After nearly 20 years running businesses, the one thing I have seen over and over again is people pricing their products too low. When I was a young adult and thinking about starting a business, my dad told me that in order to make any money, you couldn't sell for less than 3x-4x your production cost at retail. If you sold too low, you'd be setting yourself up for troubled times.
Why? I have a very simplified example to help illustrate it.
Let's say your product cost you $5 to make. If you sell that item for $10, all you really accomplished was to pay for the one you made and pay for one to replace the one you sold. This creates a scenario where you are constantly chasing making any money. Add in investing in some new items before all or at least half of the last product run is done and you can't pull any profits out of the business.
If you are making products for fun, if you make 100 and sell 100, you have some money in your pocket, but it's not a good model for really making money to support your endeavor.
When it comes to wholesaling your merchandise, stores typically will pay what's often referred to as "keystone". They want to pay you 1/2 of it's retail price. In the above scenario, if you sold your product for $10 and a store wanted to buy them from you, they'd ask $5 (or less depending on volume). You simply have no room to do anything.
Using this same $5 item to produce, if it was priced at $15, you'd make $10 on direct sales and could sell for $7.50 wholesale. In wholesale scenarios, you will always make less than a direct sale, but it can be used to help you get your order quantities up that reduce your cost across the board and increase profits from your direct sales.
In a better situation, you'd be priced at $20 retail, allowing $10 wholesale, but I am using the 3x minimum to illustrate a point on the lowest you should be selling for.
Selling the $5 product at $15 breaks down into $5 to make it, $5 to replace it and $5 left over as money not already assigned to something. This of course can go into new product development, or into your pocket as profit. If selling for $20, that leaves $10 per sale in your pocket.
At Alchemy Merch, we produce products below wholesale and on a whole different pricing model than a retail company will use. This is why you can buy 200 gold 2 color hard enamel for $440 and sell them for $10-12 each to bring in $2000-$2400 on that initial investment and they provide really great margins.

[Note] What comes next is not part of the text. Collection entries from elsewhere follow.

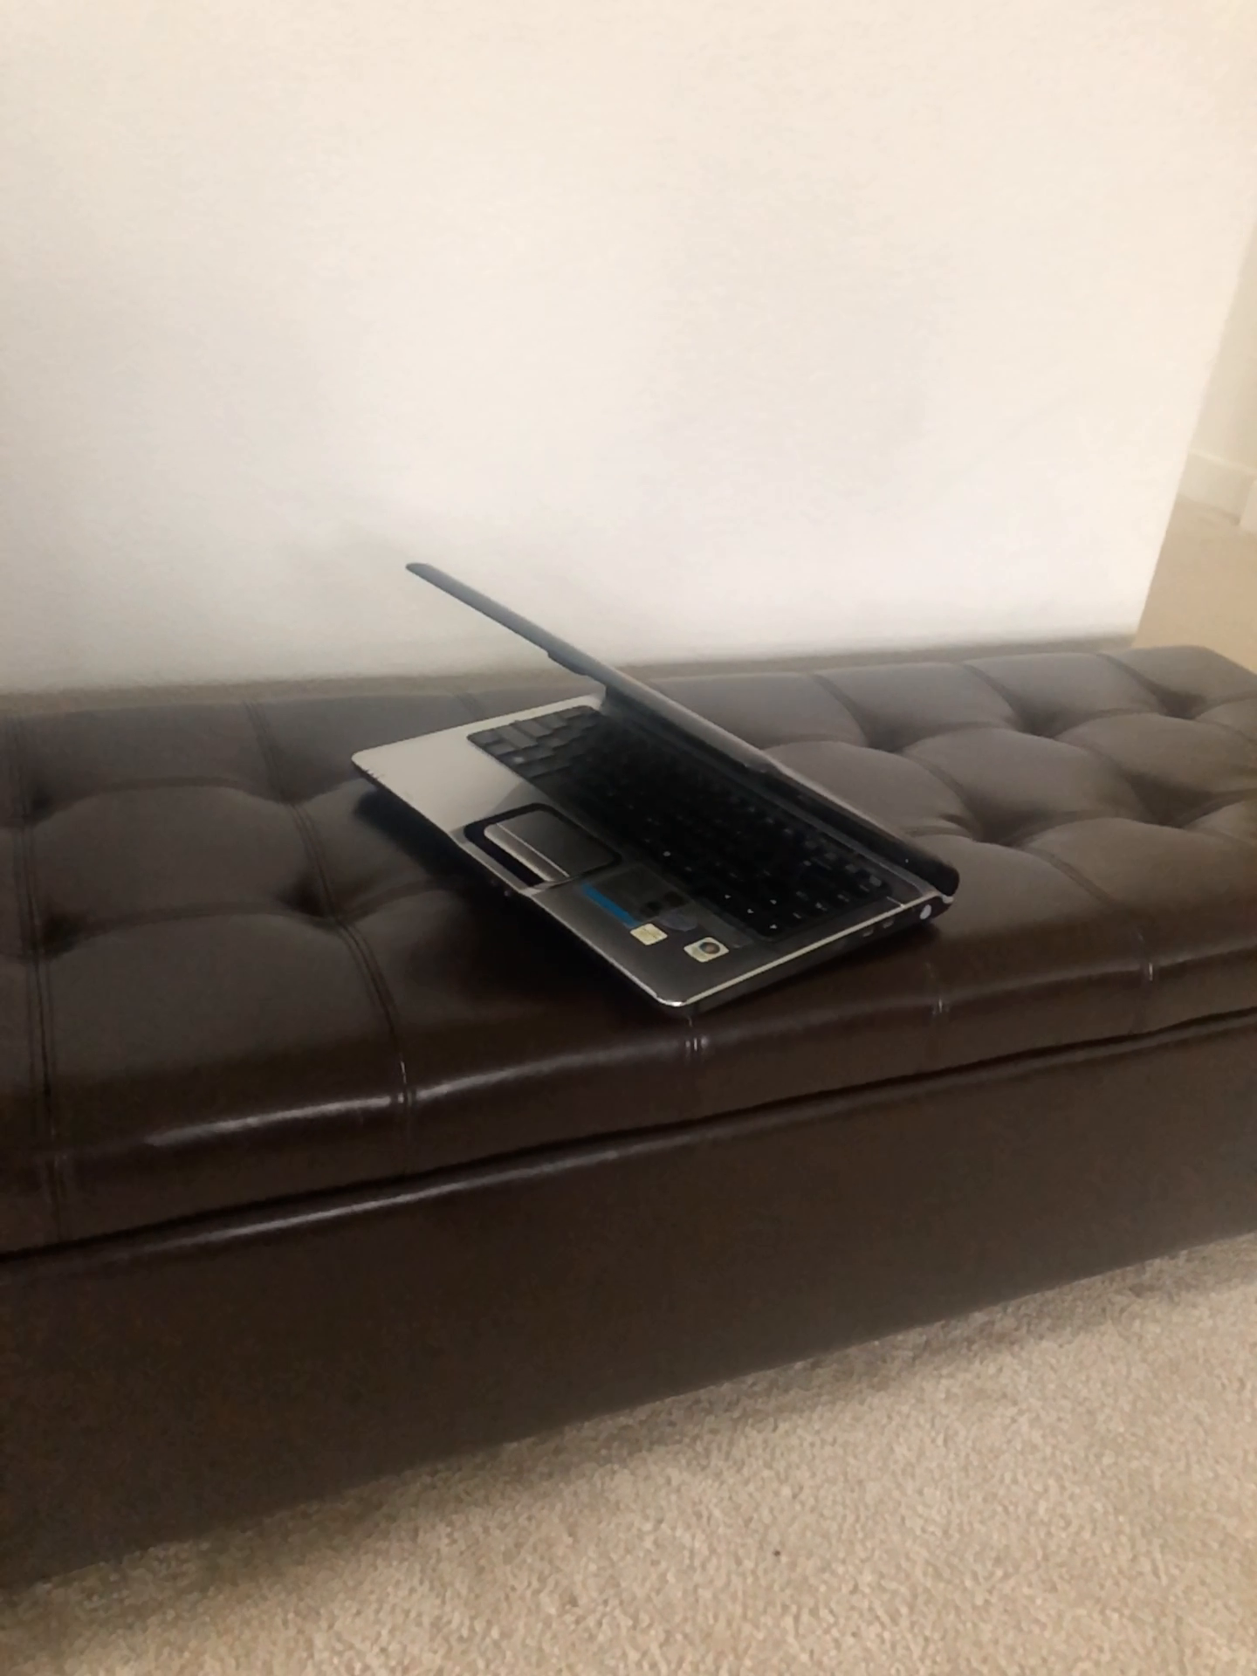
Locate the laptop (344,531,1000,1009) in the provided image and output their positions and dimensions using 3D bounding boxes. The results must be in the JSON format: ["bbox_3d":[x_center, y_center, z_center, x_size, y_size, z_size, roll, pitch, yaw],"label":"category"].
[{"bbox_3d":[0.010,-0.068,0.836,0.230,0.122,0.333,-17,36,-37],"label":"laptop"}]
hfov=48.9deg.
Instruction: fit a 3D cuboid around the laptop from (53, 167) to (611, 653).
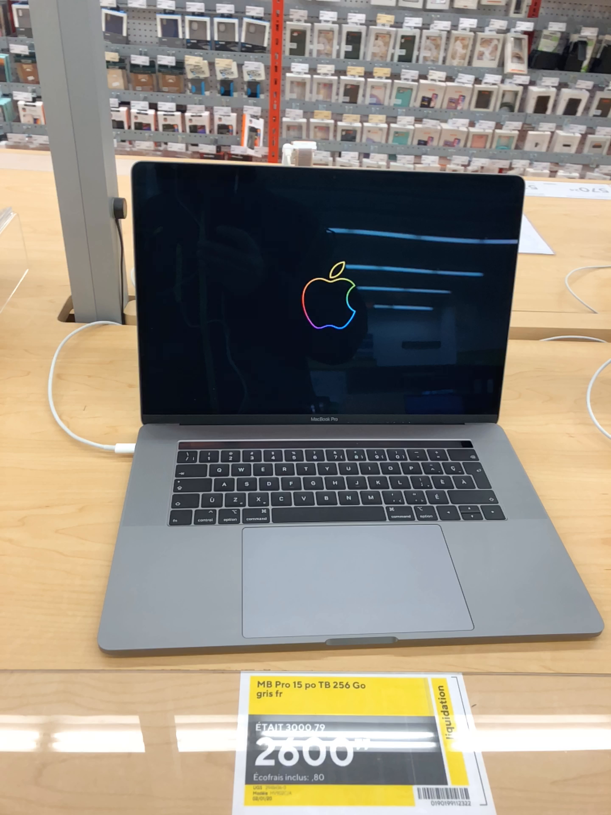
[{"bbox_3d":[0.033,-0.022,0.503,0.329,0.212,0.299,0,36,-7],"label":"laptop"}]
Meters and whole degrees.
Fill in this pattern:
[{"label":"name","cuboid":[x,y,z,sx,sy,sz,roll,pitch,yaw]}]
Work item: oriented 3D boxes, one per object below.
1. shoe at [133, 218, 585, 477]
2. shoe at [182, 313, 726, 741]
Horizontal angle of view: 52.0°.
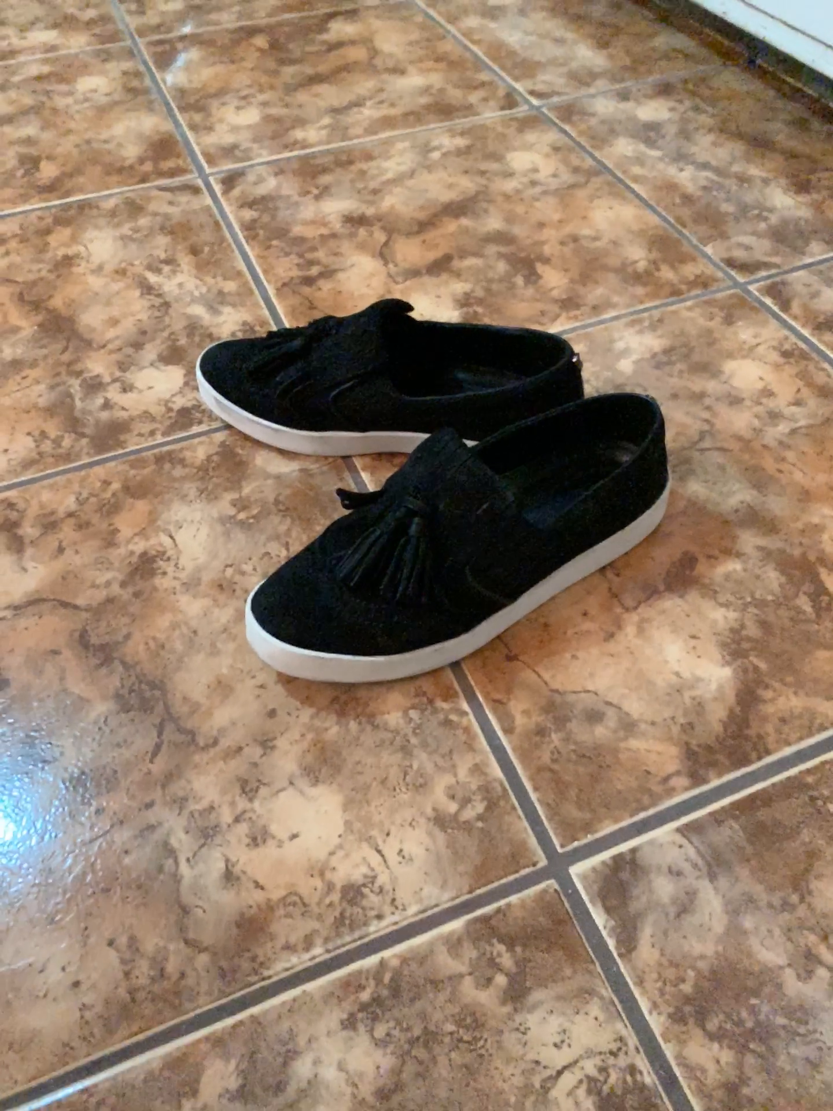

There of course are plenty of pricing models you can use and some people will price at a premium and some will approach it from a discounters perspective, but if you are trying to make money from creating merchandise, you can't price too low or else you will keep running in circles forever.
If you have interest in reading more about profit models, there are two books I'd highly suggest.
The Art of Profitability by Adrian Slywotzky - In this book, they use a mentor/mentee style to discuss and show 20+ examples of how companies price differently and it's a very interesting read to see all of the different ways people come about creating pricing tiers and their approaches.
Profit First by by Mike Michalowicz - They take the "small plates" approach by having you break out your costs and income into various accounts that in turn show you better what you really have to work with and how to make better decisions and pull out profits. This is a great one for people that are transitioning into full time with their business or getting close to it.